We then evaluate how ThriftyDAgger and comparisons can be used to help users (N=10) control a fleet of 3 robots performing the same peg insertion task. Experiments suggest that ThriftyDAgger achieves significantly higher throughput (number of task completions by the robot) while helping users simultaneously achieve high performance on a distractor task, which they work on between solicited interventions. Notably, ThriftyDAgger achieves this while soliciting fewer interventions and human actions than comparisons, including a human-gated baseline where the human does not have a distractor task (Table 2). Below we provide videos of the robot-gated user interface and human-gated user interface.

User Interface for Robot-Gated Algorithms

Here we visualize the interface for robot-gated algorithms (ThriftyDAgger, LazyDAgger, SafeDAgger). We also visualize the raw values for ThriftyDAgger's novelty, risk, and discrepancy estimates to provide additional intuition, where the values are highlighted in red if they violate thresholds. Note that the user does not see these values.

User Interface for Human-Gated Algorithms

Here we show the UI for the human-gated algorithm HG-DAgger. The user does not perform a distractor task and is able to see a "bird's eye view" of all 3 robots performing the task on the left. The user can switch which robot to observe on the big screen with the buttons on the top right, and can choose to take or cede control for the robot currently on the big screen.

Physical Cable Routing

Finally, we evaluate ThriftyDAgger and baselines on a long-horizon, image-based cable routing task, where we observe similar results in Table 3. We visualize several illustrative episodes below as GIFs (faster than real-time) of the raw RGB images provided to the learned policies (after downsampling). Teleoperation is performed through the da Vinci Research Kit master controllers visualized below on the right.

Full Demo


1 of 25 task demonstrations initializing the base policy.

Behavior Cloning Rollout (Failure)

Offline Behavior Cloning is unable to make significant task progress.

Teleoperation Interface

The human observes the workspace through the lenses. Control is initiated by pressing the right foot pedal and moving the right joystick, whose pose is synchronized with the robot arm.

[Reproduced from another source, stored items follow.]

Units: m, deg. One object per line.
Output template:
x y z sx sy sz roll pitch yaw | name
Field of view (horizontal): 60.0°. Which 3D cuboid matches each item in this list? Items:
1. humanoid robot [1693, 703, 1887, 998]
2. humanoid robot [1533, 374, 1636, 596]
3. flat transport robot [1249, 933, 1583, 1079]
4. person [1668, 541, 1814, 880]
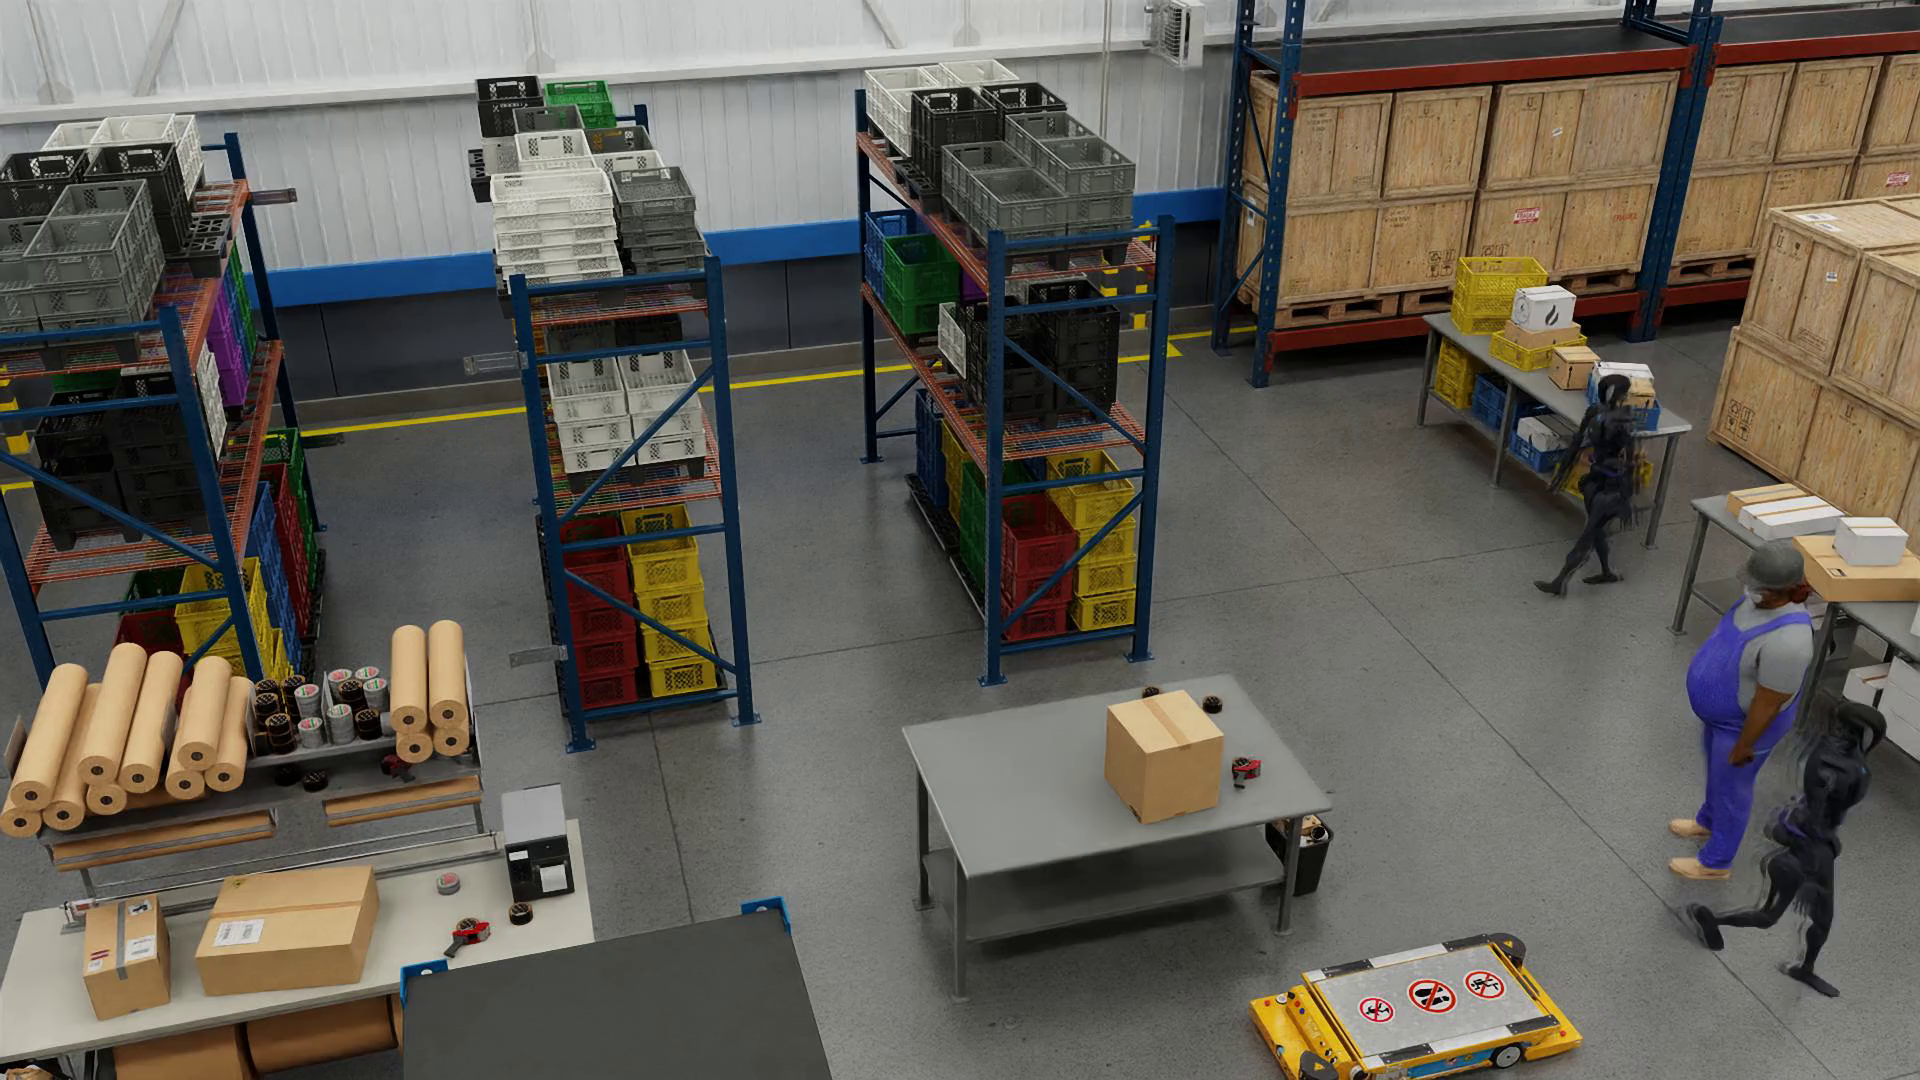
4.066 1.458 8.071 0.582 1.638 0.654 -19 34 -31 | humanoid robot
4.355 -0.370 11.406 0.759 1.622 0.621 -4 29 -8 | humanoid robot
2.184 2.282 7.980 1.431 0.197 0.652 -8 30 -14 | flat transport robot
4.091 0.866 8.748 0.536 2.000 0.683 7 30 13 | person
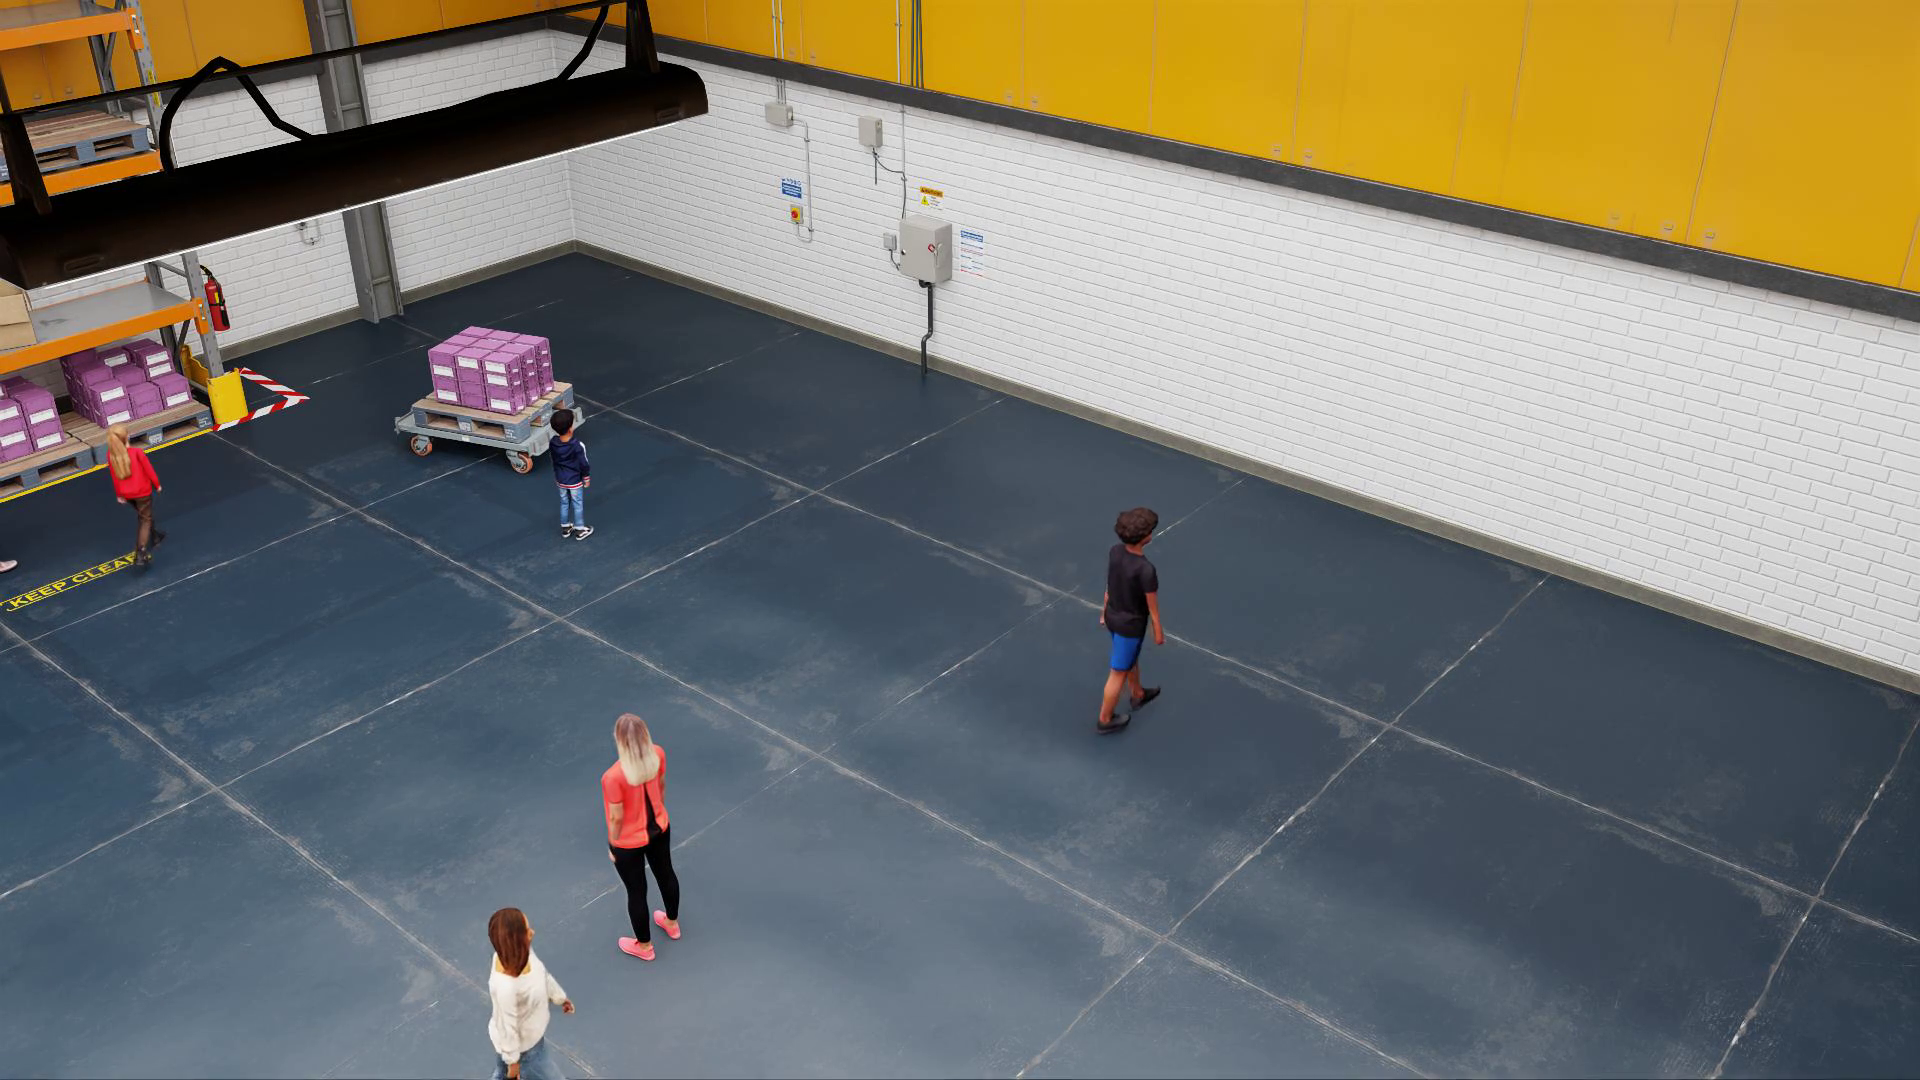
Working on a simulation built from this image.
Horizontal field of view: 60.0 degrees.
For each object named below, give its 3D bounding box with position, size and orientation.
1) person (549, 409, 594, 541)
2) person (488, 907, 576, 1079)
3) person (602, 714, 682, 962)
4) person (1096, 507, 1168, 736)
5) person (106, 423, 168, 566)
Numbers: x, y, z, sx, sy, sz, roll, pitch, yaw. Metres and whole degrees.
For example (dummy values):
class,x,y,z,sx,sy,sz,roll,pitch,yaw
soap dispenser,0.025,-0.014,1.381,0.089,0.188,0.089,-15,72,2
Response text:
class,x,y,z,sx,sy,sz,roll,pitch,yaw
person,-3.452,-0.582,14.671,0.571,1.221,0.566,10,30,17
person,-2.325,2.549,8.484,1.122,1.649,1.019,-5,29,-10
person,-1.892,1.751,9.900,0.650,1.694,0.466,20,35,32
person,1.125,0.610,11.910,0.991,1.773,0.800,-17,33,-28
person,-7.072,-0.378,14.258,0.817,1.259,0.964,2,29,4

HG-DAgger Auto Rollout (Success)

A successful rollout after 1,500 environment steps of training with HG-DAgger, with interventions not allowed during execution.

HG-DAgger Auto Rollout (Failure)

An unsuccessful rollout after 1,500 environment steps of training with HG-DAgger, with interventions not allowed during execution. The robot goes the wrong way after bumping into the final obstacle.

HG-DAgger Intervention-Aided Rollout (Success)

A successful rollout after 1,500 environment steps of training with HG-DAgger, with interventions allowed during execution. Interventions are denoted with white text and slowed down 5x for clarity. Here the human intervenes when it sees the policy veer off-course.

ThriftyDAgger Auto Rollout (Success)

A successful rollout after 1,500 environment steps of training with ThriftyDAgger, with interventions not allowed during execution.

ThriftyDAgger Auto Rollout (Failure)

An unsuccessful rollout after 1,500 environment steps of training with ThriftyDAgger, with interventions not allowed during execution. The robot stalls upon reaching the second obstacle. It is eventually able to escape this, but then it does not reach the goal pose in the allotted time despite passing all 4 obstacles.

ThriftyDAgger Intervention-Aided Rollout

A successful rollout after 1,500 environment steps of training with ThriftyDAgger, with interventions allowed during execution. Interventions are denoted with white text and slowed down 5x for clarity. Here ThriftyDAgger solicits an intervention when the cable begins to push against itself, and resumes autonomous control once the human has untangled it.